At least the lowermost layer and the uppermost layer are formed of a metal containing tungsten, and the intermediate layer is provided with a multilayer electrode formed of a boron compound alloy, a carbide alloy, or a metal sulfide alloy as a gate electrode. Field effect type semiconductor device. 2. The field effect semiconductor device according to claim 1, wherein the intermediate layer of said multilayer electrode is lanthanum boride. 3. The multi-layer electrode is formed of tungsten silicide (WS).
i), lanthanum hexaboride (LaB ₆ ), tungsten (W)

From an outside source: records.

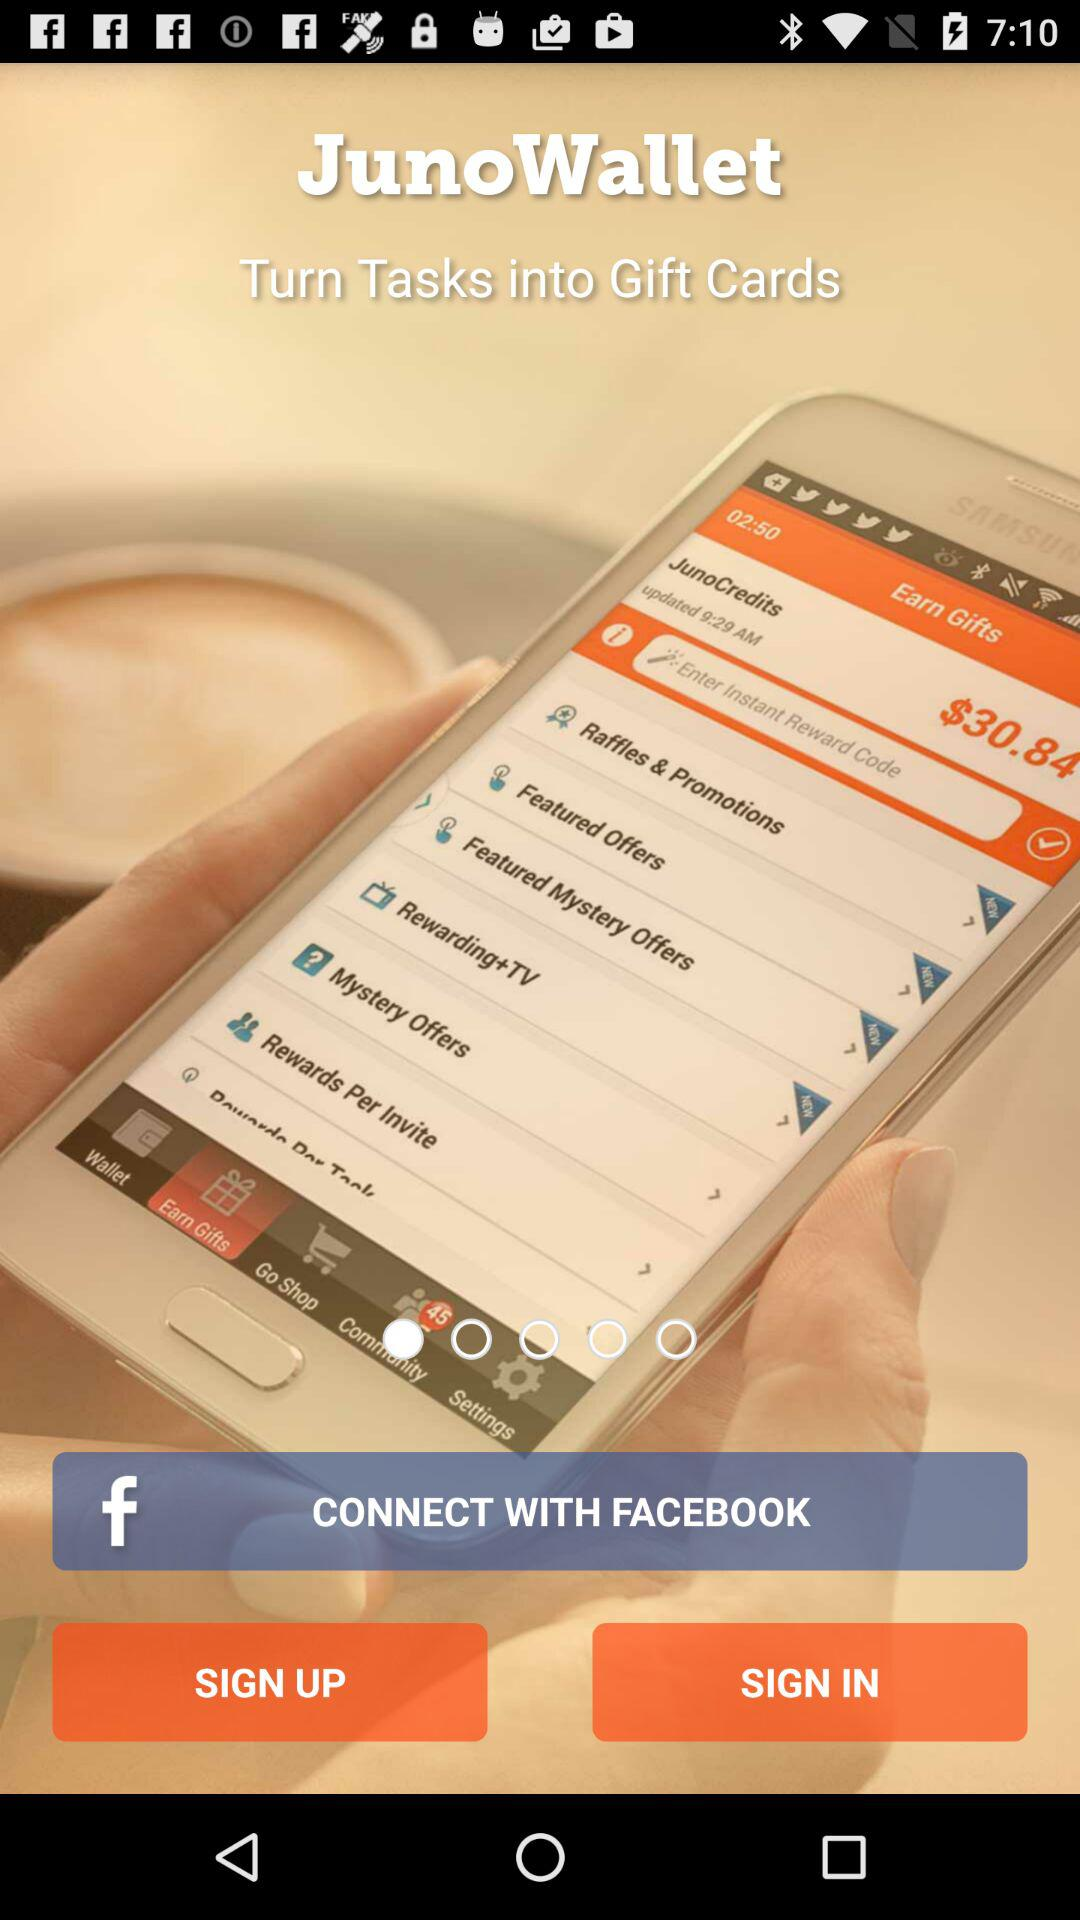What is the application name? The application name is "JunoWallet". 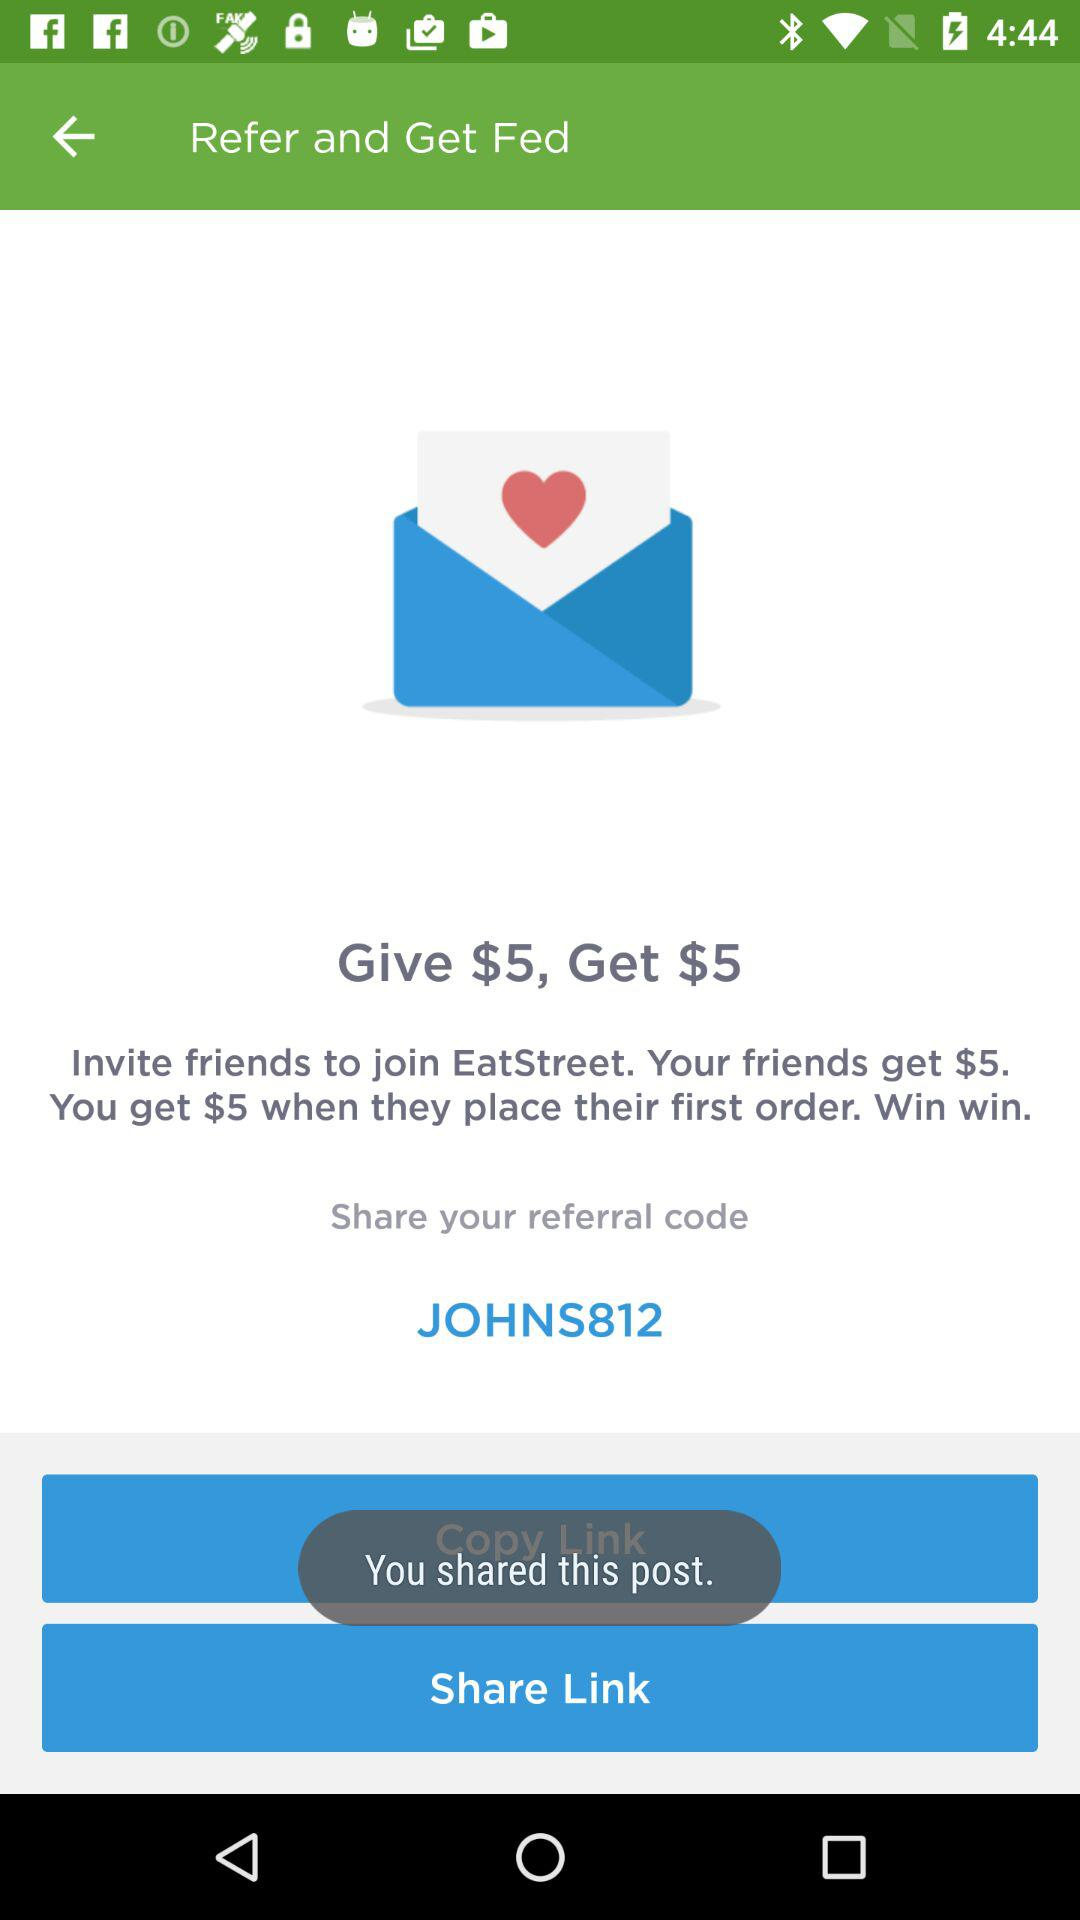What is the currency for the amount? The currency for the amount is the dollar($). 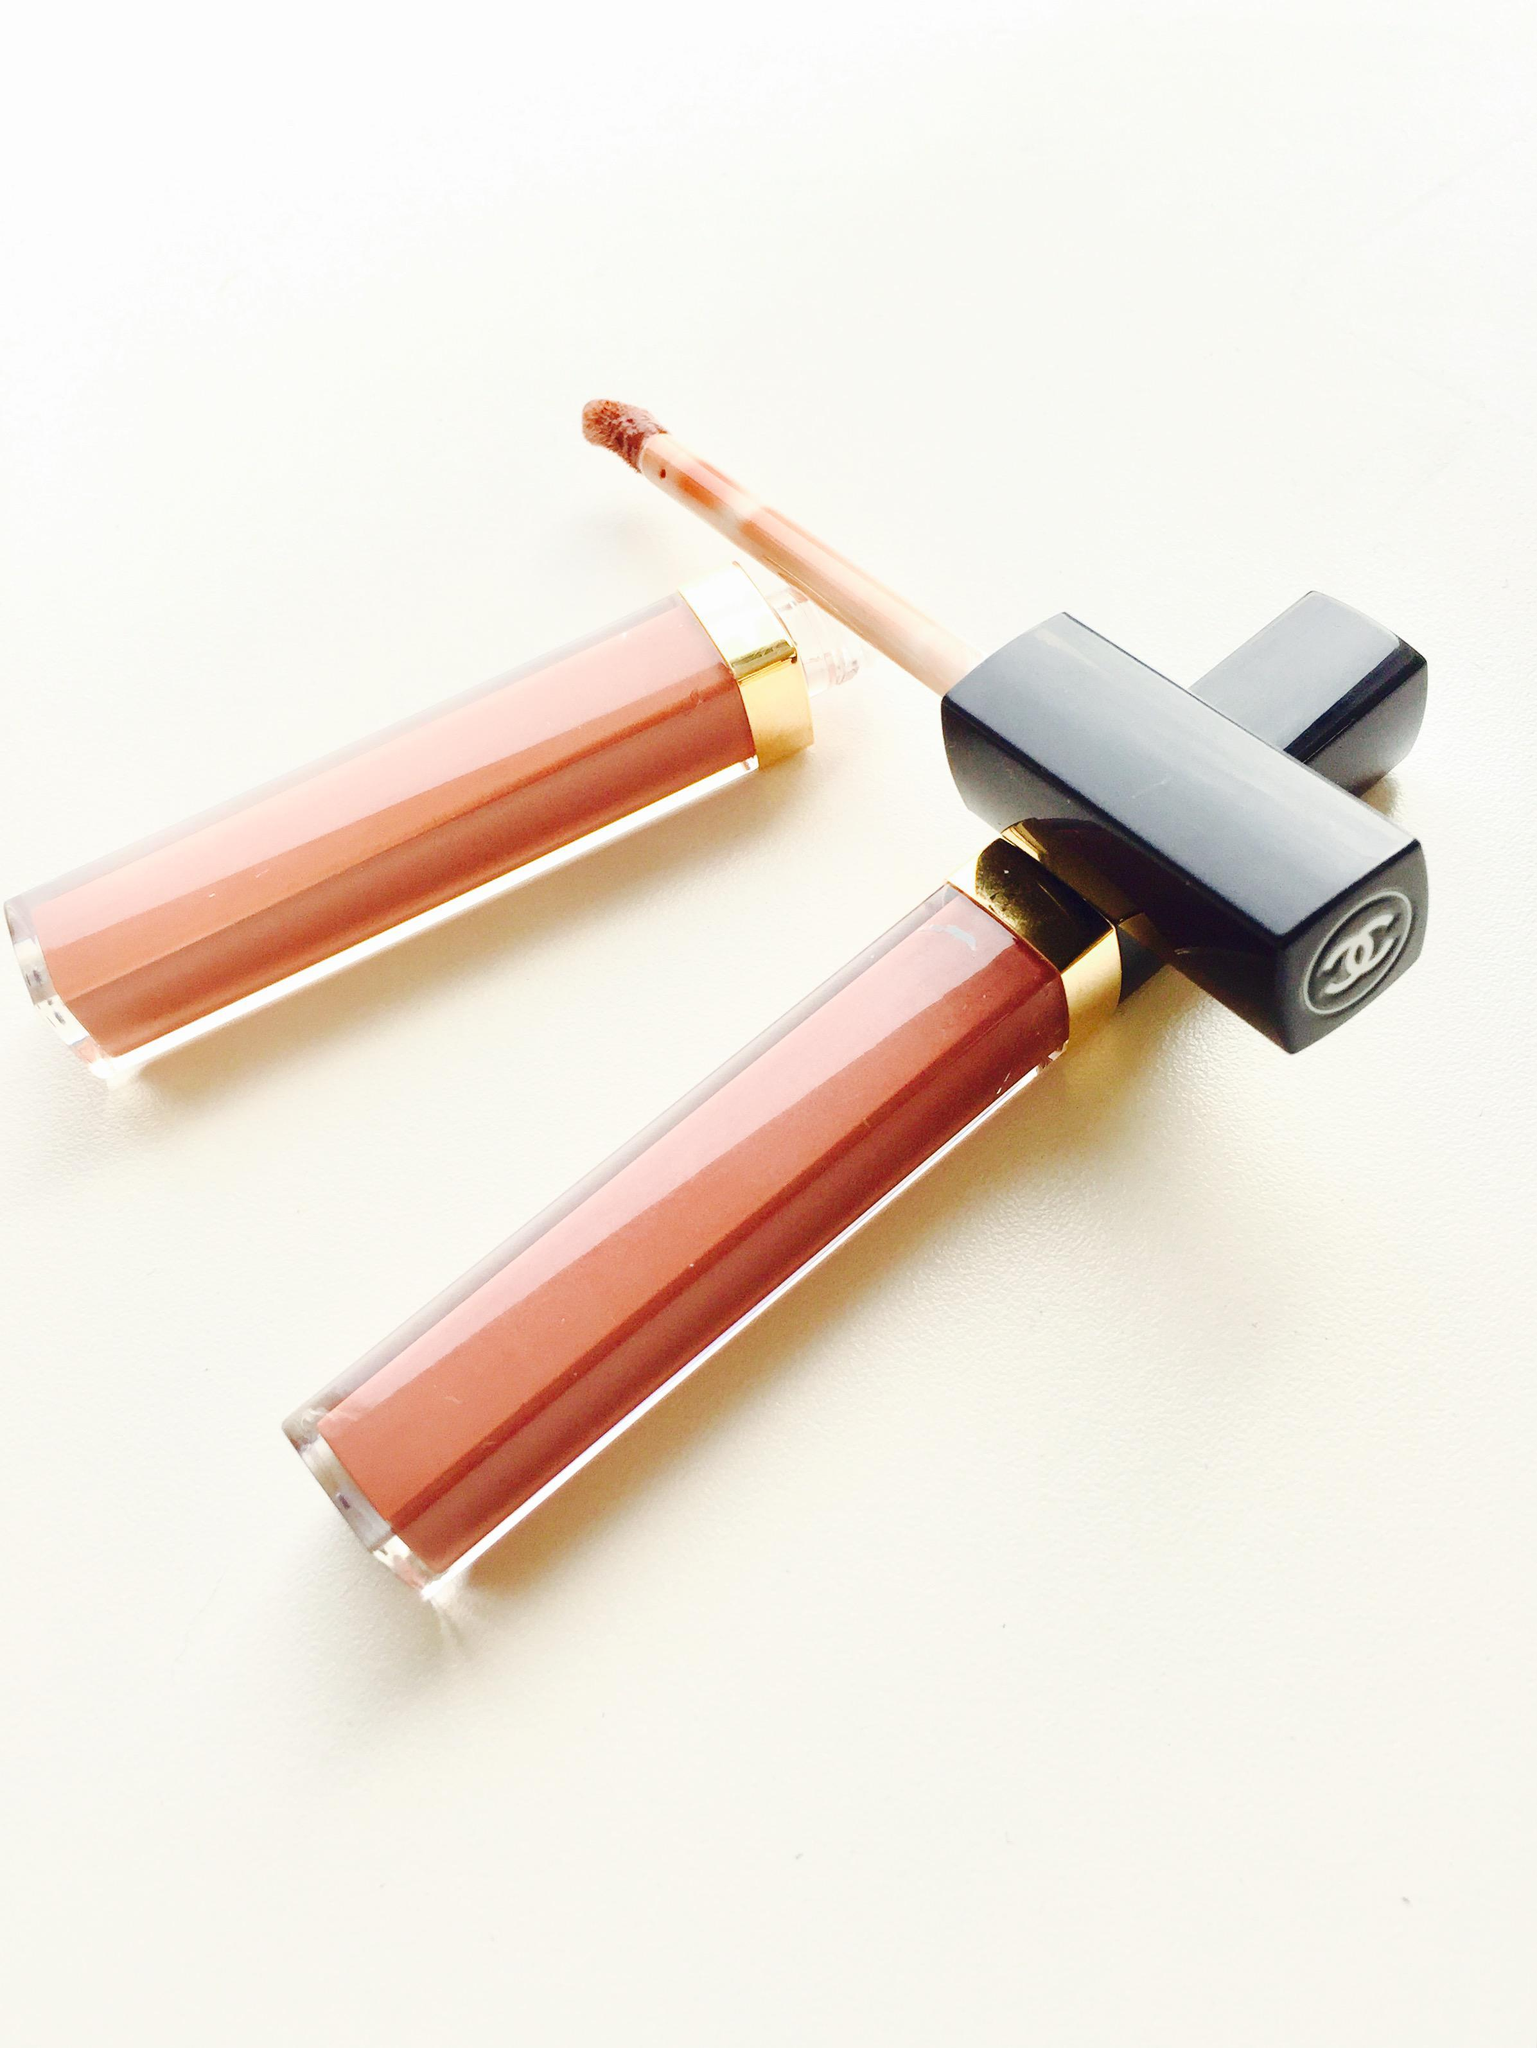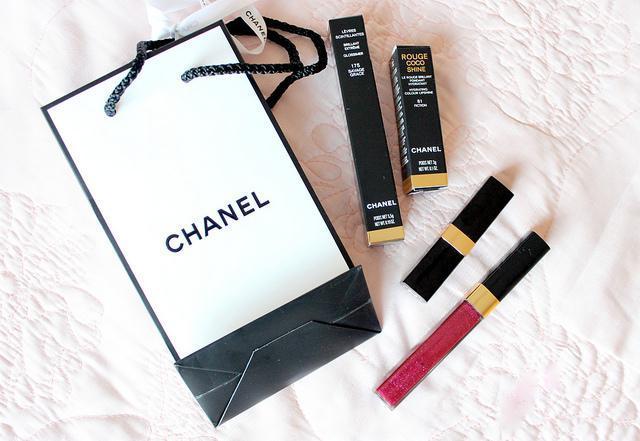The first image is the image on the left, the second image is the image on the right. Evaluate the accuracy of this statement regarding the images: "There are at least 8 different shades of lip gloss in their tubes.". Is it true? Answer yes or no. No. The first image is the image on the left, the second image is the image on the right. Considering the images on both sides, is "The left image includes at least one capped and one uncapped lipstick wand, and the right image includes at least one capped lipstick wand but no uncapped lip makeup." valid? Answer yes or no. Yes. 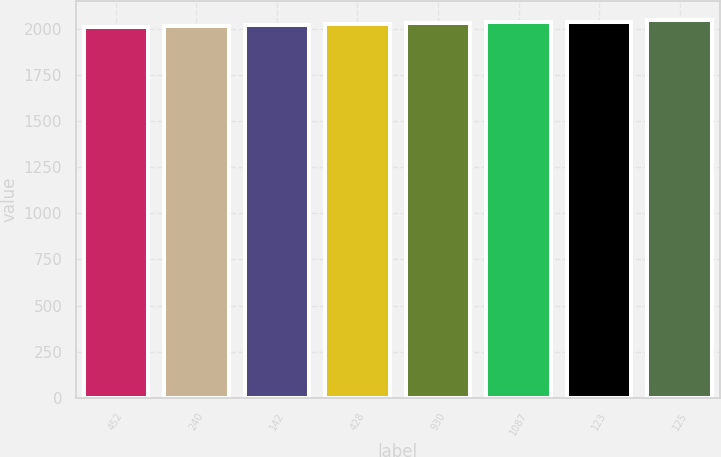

3. The field effect type semiconductor device according to claim 2, wherein three layers are stacked. 4. A step of forming three or more heat-resistant metal layers having different etching characteristics on a semiconductor layer, and using a gas containing a halogen element, selectively using the lower metal layer as a stop layer and selectively using the upper metal layer. A step of exposing the underlying metal layer, a step of ion-implanting the semiconductor layer through the underlying metal layer, and a subsequent heat treatment step. Production method. 5. A first heat-resistant metal layer and a second heat-resistant metal layer having different etching characteristics from each other on a semiconductor layer.
Sequentially forming electrodes made of a heat-resistant metal layer, and selectively using a gas containing a halogen element to partially cover the third heat-resistant metal layer using the second heat-resistant metal layer as a stop layer. Removing the second heat-resistant metal layer in a part of the region, implanting ions into the semiconductor layer through the exposed second heat-resistant metal layer, and forming an insulating film. Vertical processing of the insulating film by anisotropic dry etching method,
A field-effect-type semiconductor device comprising at least a step of forming a side wall, a step of implanting ions again into the semiconductor layer through the exposed second heat-resistant metal layer, and a step of subsequently performing a heat treatment. Manufacturing method. 6. The first heat-resistant metal layer is made of tungsten silicide (WSi), the second heat-resistant metal layer is made of lanthanum hexaboride (LaB ₆ ), and the third heat-resistant metal layer is 6. The method for manufacturing a field-effect semiconductor device according to claim 4, wherein said semiconductor device is made of tungsten (W).